Her grin was surprisingly impish.

“Don’t—don’t tell Bobby,” I said. “Please? I’m not obsessed with him or anything. But he’s my friend. Or he was my friend. And everything’s been so weird lately.”

“You should talk to him.”

“No. Hard no. The hardest of noes. Talking is the worst. About anything. Ever.”

“Talking is the BEST! You get to tell him how you feel, and then he gets to tell you how he feels, and then you kiss—”

“Again, just friends, remember?”

“—and you get to spend the rest of your lives together, and you have a million babies—”

“Not sure about kids, actually. Kind of feels like I have enough of them in my life already.”

“—and they’re all beautiful because they all look like Bobby.”

“Excuse me?”

“Uh.” Millie gave me a look like she might have forgotten I was there. “With your, um, smile.”

“Fantastic save.”

“They’re going to be such beautiful babies.”

I didn’t want to get into the logistics of two dudes having a baby, so I decided to save that conversation for another time—preferably, immediately before I jumped off the cliffs behind Hemlock House. I did say, however, “I feel like I need to state again, for the record: just friends.”

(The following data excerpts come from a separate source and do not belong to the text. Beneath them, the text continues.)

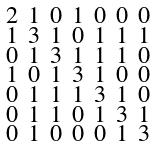Convert formula to latex. <formula><loc_0><loc_0><loc_500><loc_500>\begin{smallmatrix} 2 & 1 & 0 & 1 & 0 & 0 & 0 \\ 1 & 3 & 1 & 0 & 1 & 1 & 1 \\ 0 & 1 & 3 & 1 & 1 & 1 & 0 \\ 1 & 0 & 1 & 3 & 1 & 0 & 0 \\ 0 & 1 & 1 & 1 & 3 & 1 & 0 \\ 0 & 1 & 1 & 0 & 1 & 3 & 1 \\ 0 & 1 & 0 & 0 & 0 & 1 & 3 \end{smallmatrix}</formula> 
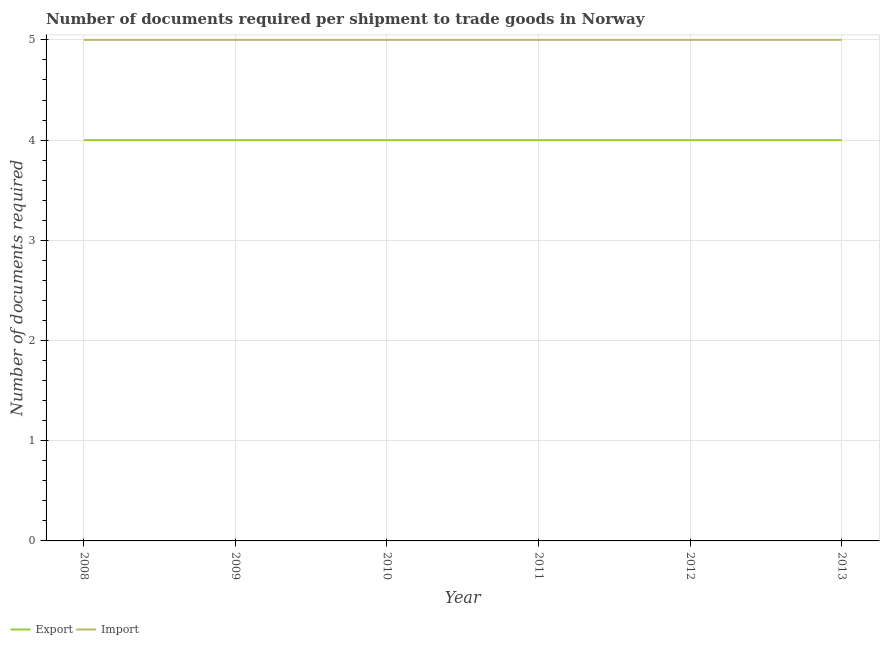How many different coloured lines are there?
Your answer should be compact. 2. What is the number of documents required to import goods in 2012?
Your response must be concise. 5. Across all years, what is the maximum number of documents required to export goods?
Offer a very short reply. 4. Across all years, what is the minimum number of documents required to import goods?
Provide a succinct answer. 5. In which year was the number of documents required to import goods maximum?
Provide a short and direct response. 2008. What is the total number of documents required to export goods in the graph?
Provide a short and direct response. 24. What is the difference between the number of documents required to export goods in 2013 and the number of documents required to import goods in 2010?
Your answer should be compact. -1. In the year 2009, what is the difference between the number of documents required to import goods and number of documents required to export goods?
Give a very brief answer. 1. In how many years, is the number of documents required to import goods greater than 0.4?
Your answer should be compact. 6. What is the ratio of the number of documents required to import goods in 2009 to that in 2012?
Provide a succinct answer. 1. What is the difference between the highest and the second highest number of documents required to import goods?
Give a very brief answer. 0. What is the difference between the highest and the lowest number of documents required to export goods?
Your answer should be compact. 0. In how many years, is the number of documents required to export goods greater than the average number of documents required to export goods taken over all years?
Provide a succinct answer. 0. Is the number of documents required to export goods strictly greater than the number of documents required to import goods over the years?
Give a very brief answer. No. Are the values on the major ticks of Y-axis written in scientific E-notation?
Your answer should be compact. No. Does the graph contain any zero values?
Keep it short and to the point. No. Where does the legend appear in the graph?
Make the answer very short. Bottom left. What is the title of the graph?
Offer a terse response. Number of documents required per shipment to trade goods in Norway. What is the label or title of the Y-axis?
Your answer should be compact. Number of documents required. What is the Number of documents required of Import in 2010?
Provide a short and direct response. 5. What is the Number of documents required of Export in 2011?
Make the answer very short. 4. What is the Number of documents required in Import in 2012?
Provide a short and direct response. 5. What is the Number of documents required in Export in 2013?
Provide a succinct answer. 4. Across all years, what is the maximum Number of documents required in Export?
Your response must be concise. 4. Across all years, what is the maximum Number of documents required in Import?
Provide a succinct answer. 5. What is the total Number of documents required in Import in the graph?
Ensure brevity in your answer.  30. What is the difference between the Number of documents required in Export in 2008 and that in 2009?
Make the answer very short. 0. What is the difference between the Number of documents required of Import in 2008 and that in 2010?
Give a very brief answer. 0. What is the difference between the Number of documents required in Export in 2008 and that in 2011?
Provide a short and direct response. 0. What is the difference between the Number of documents required of Import in 2008 and that in 2011?
Give a very brief answer. 0. What is the difference between the Number of documents required in Export in 2008 and that in 2012?
Your answer should be compact. 0. What is the difference between the Number of documents required of Import in 2008 and that in 2012?
Your answer should be very brief. 0. What is the difference between the Number of documents required of Export in 2008 and that in 2013?
Give a very brief answer. 0. What is the difference between the Number of documents required of Import in 2009 and that in 2010?
Make the answer very short. 0. What is the difference between the Number of documents required in Export in 2009 and that in 2011?
Keep it short and to the point. 0. What is the difference between the Number of documents required in Import in 2009 and that in 2011?
Your answer should be compact. 0. What is the difference between the Number of documents required in Import in 2009 and that in 2013?
Ensure brevity in your answer.  0. What is the difference between the Number of documents required of Import in 2010 and that in 2011?
Make the answer very short. 0. What is the difference between the Number of documents required in Import in 2010 and that in 2012?
Ensure brevity in your answer.  0. What is the difference between the Number of documents required of Export in 2011 and that in 2013?
Ensure brevity in your answer.  0. What is the difference between the Number of documents required in Export in 2012 and that in 2013?
Give a very brief answer. 0. What is the difference between the Number of documents required in Export in 2008 and the Number of documents required in Import in 2009?
Ensure brevity in your answer.  -1. What is the difference between the Number of documents required in Export in 2008 and the Number of documents required in Import in 2010?
Make the answer very short. -1. What is the difference between the Number of documents required of Export in 2008 and the Number of documents required of Import in 2011?
Your answer should be very brief. -1. What is the difference between the Number of documents required of Export in 2008 and the Number of documents required of Import in 2012?
Your answer should be compact. -1. What is the difference between the Number of documents required in Export in 2009 and the Number of documents required in Import in 2010?
Give a very brief answer. -1. What is the difference between the Number of documents required of Export in 2009 and the Number of documents required of Import in 2012?
Provide a succinct answer. -1. What is the difference between the Number of documents required in Export in 2012 and the Number of documents required in Import in 2013?
Give a very brief answer. -1. What is the average Number of documents required in Import per year?
Keep it short and to the point. 5. In the year 2008, what is the difference between the Number of documents required of Export and Number of documents required of Import?
Offer a very short reply. -1. In the year 2010, what is the difference between the Number of documents required of Export and Number of documents required of Import?
Provide a short and direct response. -1. In the year 2012, what is the difference between the Number of documents required of Export and Number of documents required of Import?
Your answer should be compact. -1. What is the ratio of the Number of documents required in Export in 2008 to that in 2009?
Your answer should be compact. 1. What is the ratio of the Number of documents required in Export in 2008 to that in 2010?
Offer a very short reply. 1. What is the ratio of the Number of documents required in Export in 2008 to that in 2011?
Ensure brevity in your answer.  1. What is the ratio of the Number of documents required in Import in 2008 to that in 2012?
Offer a very short reply. 1. What is the ratio of the Number of documents required in Export in 2008 to that in 2013?
Ensure brevity in your answer.  1. What is the ratio of the Number of documents required of Export in 2009 to that in 2010?
Give a very brief answer. 1. What is the ratio of the Number of documents required of Export in 2009 to that in 2011?
Ensure brevity in your answer.  1. What is the ratio of the Number of documents required of Import in 2009 to that in 2011?
Give a very brief answer. 1. What is the ratio of the Number of documents required of Import in 2009 to that in 2012?
Keep it short and to the point. 1. What is the ratio of the Number of documents required in Export in 2009 to that in 2013?
Offer a very short reply. 1. What is the ratio of the Number of documents required of Import in 2009 to that in 2013?
Provide a short and direct response. 1. What is the ratio of the Number of documents required of Export in 2010 to that in 2011?
Your response must be concise. 1. What is the ratio of the Number of documents required of Import in 2010 to that in 2011?
Ensure brevity in your answer.  1. What is the ratio of the Number of documents required in Export in 2011 to that in 2012?
Provide a short and direct response. 1. What is the ratio of the Number of documents required in Import in 2011 to that in 2012?
Offer a terse response. 1. What is the ratio of the Number of documents required of Export in 2011 to that in 2013?
Your answer should be very brief. 1. What is the ratio of the Number of documents required of Import in 2011 to that in 2013?
Give a very brief answer. 1. What is the ratio of the Number of documents required in Import in 2012 to that in 2013?
Your response must be concise. 1. What is the difference between the highest and the lowest Number of documents required in Export?
Ensure brevity in your answer.  0. What is the difference between the highest and the lowest Number of documents required of Import?
Give a very brief answer. 0.

Millie beamed at me and made a noise like I’d said something adorable, and then she said, “Dash, have you told him that you want to spend time with him, that you miss spending time with him, that you value his friendship and you miss having him in your life, in a way that goes beyond sharing a living space and occasionally passing each other the maple syrup at breakfast? I chose maple syrup because Indira said you two go through, like, a jug a day.”

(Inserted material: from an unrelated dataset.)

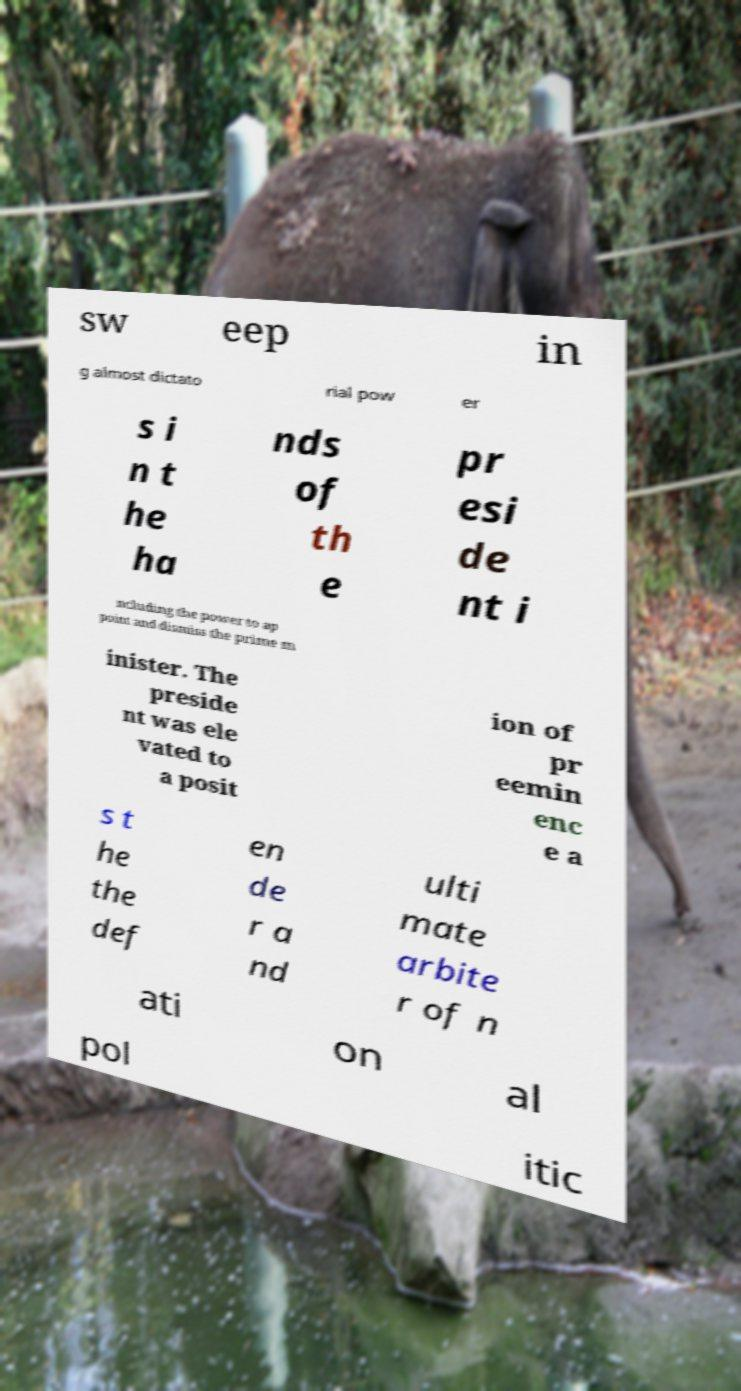For documentation purposes, I need the text within this image transcribed. Could you provide that? sw eep in g almost dictato rial pow er s i n t he ha nds of th e pr esi de nt i ncluding the power to ap point and dismiss the prime m inister. The preside nt was ele vated to a posit ion of pr eemin enc e a s t he the def en de r a nd ulti mate arbite r of n ati on al pol itic

I chose to ignore that last part. “No, I didn’t—I mean, Millie, I’ve invited him to do so many things. I invited him to watch a toothpaste commercial the other day, and even as I was asking him, I knew it was the cringiest thing I’d ever done in my entire life.”

“But have you told him why you keep inviting him to do stuff?”

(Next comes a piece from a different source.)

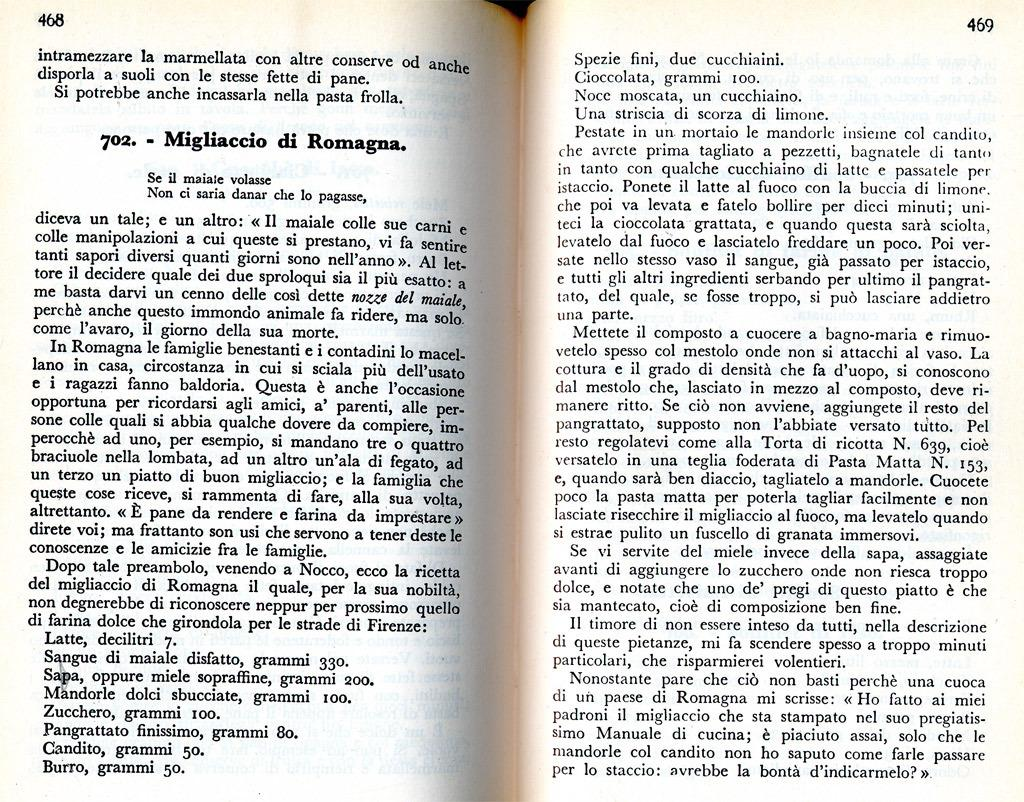<image>
Give a short and clear explanation of the subsequent image. a book opened to pages 468 and 469

“Well, no. But in my defense, I haven’t told him only because telling people things is the absolute worst.”

Millie’s look suggested that, in some ways, she might be much more mature than me. She opened her mouth to say something, but the sound of the front door and solid, familiar footsteps stopped her. Her eyes widened. Her whole face brightened. I honestly don’t know if I’ve ever seen anyone ever look so happy. (I didn’t take it personally, though, because she had looked just as happy the other day when Keme had given her some sea-glass he’d found on the beach. In case you’re wondering, Keme’s heart visibly grew, Grinch-style, but it wore off after about twelve hours.)

“HE’S HOME,” Millie whispered—the capitalization probably suggests how well that went.

“No,” I said. “Millie—”

“Now would be the perfect time to talk to him—”

“No, it wouldn’t. Because he’s tired. And I’m tired. And it’s, uh, the Lord’s Day—”

“—because it’s Christmastime, and Christmastime is when you tell people you love them.”

“You stole that from a movie!”

Millie drew in a deep breath.

“Millie, don’t you dare—”

But she did dare, of course. Because she was Millie. And honestly, that was one of the reasons I loved her.

She screamed. Not a regular scream. A Millie scream. My ears are still bleeding, actually.

Barely audible beneath the ongoing sonic assault, I could make out footsteps hammering on the stairs. A moment later, Bobby appeared in the doorway. He was in uniform, and he had his hand on his gun, and his eyes looked a little wild.

Millie cut off as soon as she saw him. She threw him a glowing smile and said, “Hi, Bobby. I was just practicing my screaming.”

And apparently Bobby was really starting to roll with the Last Picks, because that didn’t seem to faze him at all.

“Oh,” Millie said, “Dash wants to tell you something. Bye, boys.”

And with that, she bounced out of the room.